O processo de convencimento foi lento e só concluído graças à intervenção do empresário do grupo, José Fortes, que percebeu a seriedade dos profissionais envolvidos no projeto.
O resultado surpreendeu Barone, que assistiu ao espetáculo logo na semana de estreia no Rio de Janeiro, em novembro do ano passado. "Foi um impacto profundo. Descobri um trabalho sensível, esteticamente ousado. Algo muito além do que imaginávamos. Confesso que chorei muito", conta o baterista, surpreso também com a fidelidade nos gestos e na voz dos atores que interpretam a banda. "Rodrigo Salva, que vive Herbert Vianna, toca muito bem guitarra, e Gabriel Manita me fez lembrar muito do Bi Ribeiro."
Sobre Franco Kuster, que o interpreta, Barone percebeu "as manhas de um baterista". Detalhe: por ser um instrumento de difícil transporte, o que travaria o ritmo da narrativa, o espetáculo não conta com uma bateria em cena e Kuster simula os gestos com as baquetas. O ator precisou criar uma encenação para os números musicais, movimentando-se ao redor de Salva e Manita para não passar despercebido. "Eu era obrigado a fazer o mesmo quando íamos no Programa do Chacrinha, pois lá nunca tinha o instrumento e eu levava no máximo as baquetas e um prato da bateria", conta Barone.
Ele ressalta que a banda não se envolveu no processo criativo do musical, "apenas não colocamos impeditivos". Aprovou também o recurso narrativo de usar flashbacks. "As lembranças do Herbert no hospital contam a história do Paralamas com veracidade. A gente se viu em cena." Somente Herbert Vianna ainda não viu o espetáculo, o que poderá acontecer, segundo a produção, durante a temporada em São Paulo
Preste Atenção
- Na apresentação da canção Lanterna dos Afogados, no início do segundo ato, interpretada pelo elenco com um arranjo diferente, como uma oração pela recuperação de Herbert Vianna.
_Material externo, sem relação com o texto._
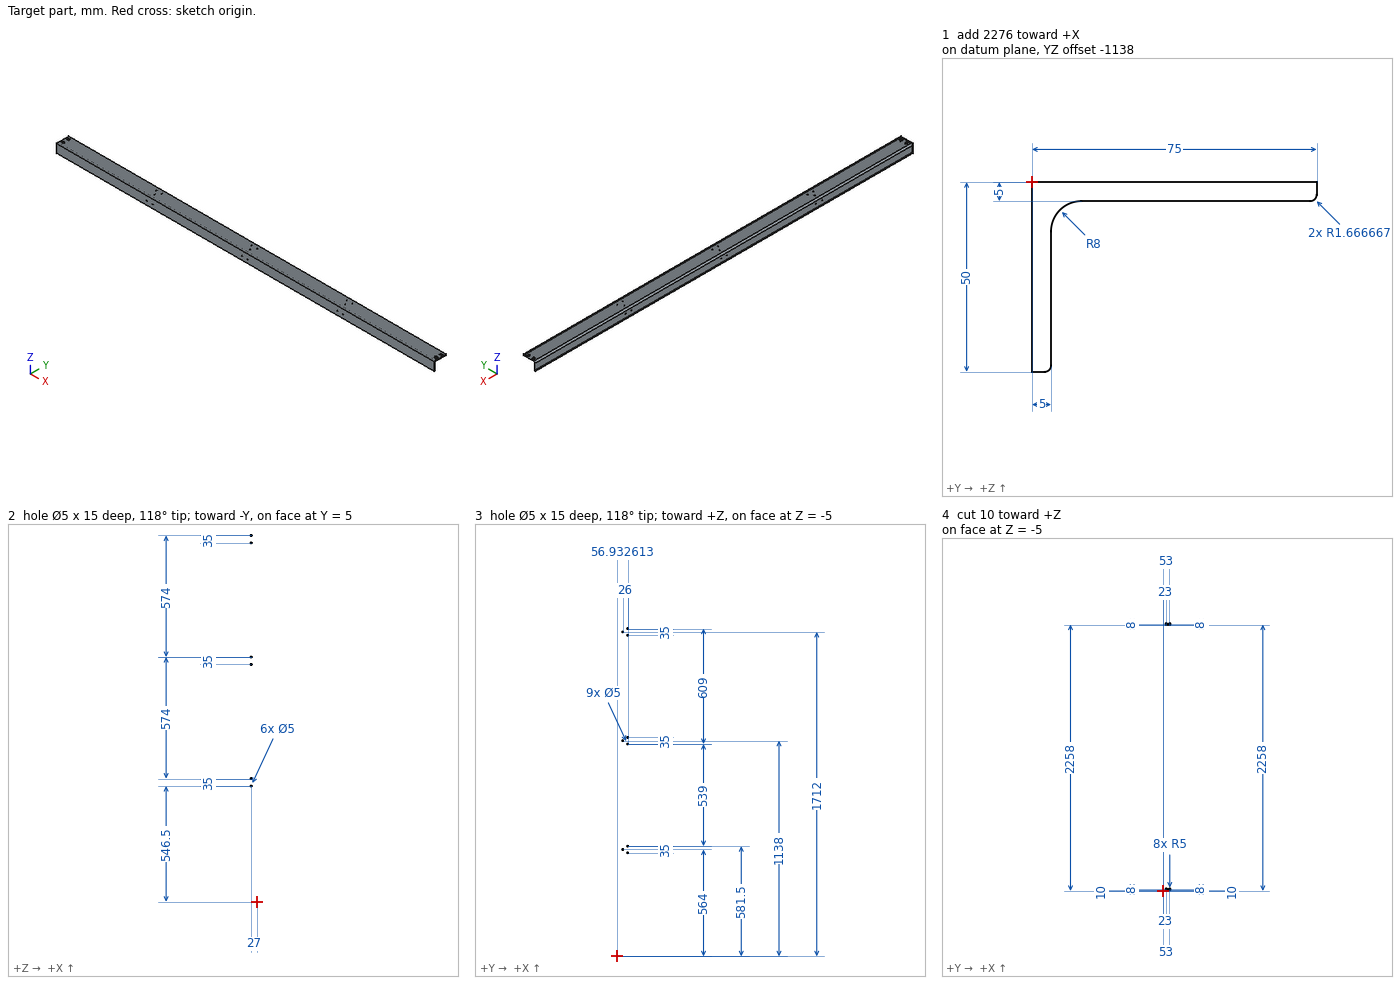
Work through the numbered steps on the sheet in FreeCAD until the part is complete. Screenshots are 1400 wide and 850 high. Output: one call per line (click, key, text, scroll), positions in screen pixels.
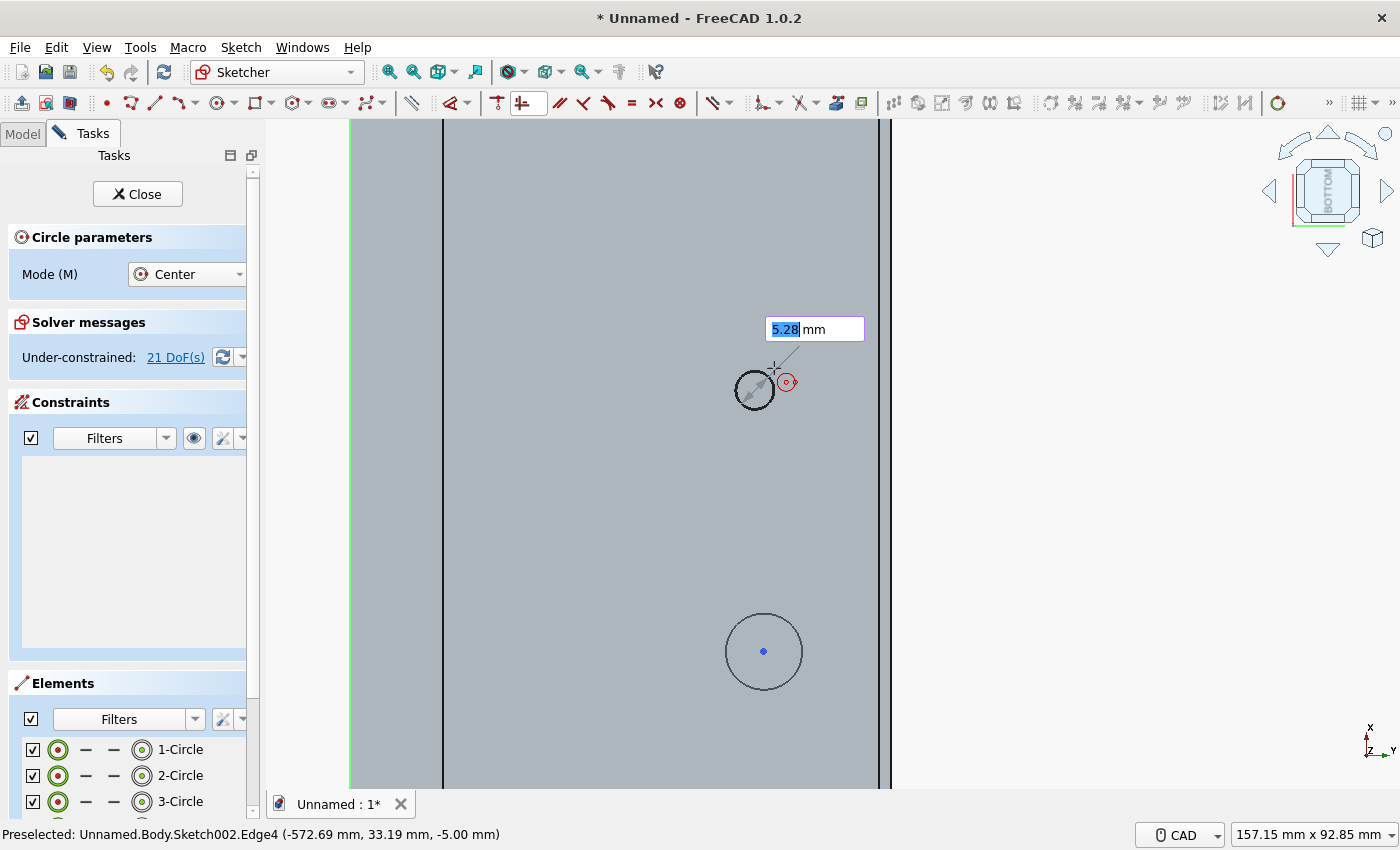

- Na atuação de Herberth Vital, ator PCD, como Roberto, rapaz que acompanha Herbert na fisioterapia. Além do nome (homenagem dos pais ao líder da banda e ao título do seu primeiro sucesso), ele perdeu a perna esquerda em um acidente de moto e utiliza hoje uma prótese, que não o impede de dançar com desenvoltura.
- Na citação de fatos históricos importantes, como os problemas econômicos do governo de Fernando Collor de Mello (1990-1992), que obrigaram os Paralamas a fazerem mais shows na Argentina.